D:\Python27\python.exe D:/PycharmProjects/sparkdemo/src/main/python/SparkDemo.py
Using Spark’s default log4j profile: org/apache/spark/log4j-defaults.properties
17/11/23 08:32:15 INFO SparkContext: Running Spark version 1.6.3
17/11/23 08:32:15 WARN NativeCodeLoader: Unable to load native-hadoop library for your platform… using builtin-java classes where applicable
17/11/23 08:32:15 ERROR Shell: Failed to locate the winutils binary in the hadoop binary path
java.io.IOException: Could not locate executable C:\winutils\bin\bin\winutils.exe in the Hadoop binaries.
at org.apache.hadoop.util.Shell.getQualifiedBinPath(Shell.java:355)
at org.apache.hadoop.util.Shell.getWinUtilsPath(Shell.java:370)
at org.apache.hadoop.util.Shell.(Shell.java:363)
at org.apache.hadoop.util.StringUtils.(StringUtils.java:79)
at org.apache.hadoop.security.Groups.parseStaticMapping(Groups.java:104)
at org.apache.hadoop.security.Groups.(Groups.java:86)
at org.apache.hadoop.security.Groups.(Groups.java:66)
at org.apache.hadoop.security.Groups.getUserToGroupsMappingService(Groups.java:280)
at org.apache.hadoop.security.UserGroupInformation.initialize(UserGroupInformation.java:271)
at org.apache.hadoop.security.UserGroupInformation.ensureInitialized(UserGroupInformation.java:248)
at org.apache.hadoop.security.UserGroupInformation.loginUserFromSubject(UserGroupInformation.java:763)
at org.apache.hadoop.security.UserGroupInformation.getLoginUser(UserGroupInformation.java:748)
at org.apache.hadoop.security.UserGroupInformation.getCurrentUser(UserGroupInformation.java:621)
at org.apache.spark.util.Utils$$anonfun$getCurrentUserName$1.apply(Utils.scala:2214)
at org.apache.spark.util.Utils$$anonfun$getCurrentUserName$1.apply(Utils.scala:2214)
at scala.Option.getOrElse(Option.scala:120)
at org.apache.spark.util.Utils$.getCurrentUserName(Utils.scala:2214)
at org.apache.spark.SparkContext.(SparkContext.scala:322)
at org.apache.spark.api.java.JavaSparkContext.(JavaSparkContext.scala:59)
at sun.reflect.NativeConstructorAccessorImpl.newInstance0(Native Method)
at sun.reflect.NativeConstructorAccessorImpl.newInstance(Unknown Source)
at sun.reflect.DelegatingConstructorAccessorImpl.newInstance(Unknown Source)
at java.lang.reflect.Constructor.newInstance(Unknown Source)
at py4j.reflection.MethodInvoker.invoke(MethodInvoker.java:234)
at py4j.reflection.ReflectionEngine.invoke(ReflectionEngine.java:381)
at py4j.Gateway.invoke(Gateway.java:214)
at py4j.commands.ConstructorCommand.invokeConstructor(ConstructorCommand.java:79)
at py4j.commands.ConstructorCommand.execute(ConstructorCommand.java:68)
at py4j.GatewayConnection.run(GatewayConnection.java:209)
at java.lang.Thread.run(Unknown Source)
17/11/23 08:32:15 INFO SecurityManager: Changing view acls to: karth
17/11/23 08:32:15 INFO SecurityManager: Changing modify acls to: karth

I had set the bove Env variable once by mistake with additional bin directory.
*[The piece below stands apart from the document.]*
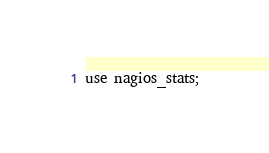Convert code to text. <code><loc_0><loc_0><loc_500><loc_500><_SQL_>use nagios_stats;</code>

Even though I changed them back still windows is looking into that location.

After placing winutil.exe in ‘C:\winutils\bin\bin’ . It is working as expected.

Please note all my Environment variables are pointing to “C:\winutils\bin\winutils.exe” but hadoop binaries are looking into the different directory.

Now this issue is fixed and i am able to execute Spark code through pycharm and pyspark without any error.

Thanks
Karthick.


#3

Can you paste new environment variables and PATH variables screenshot.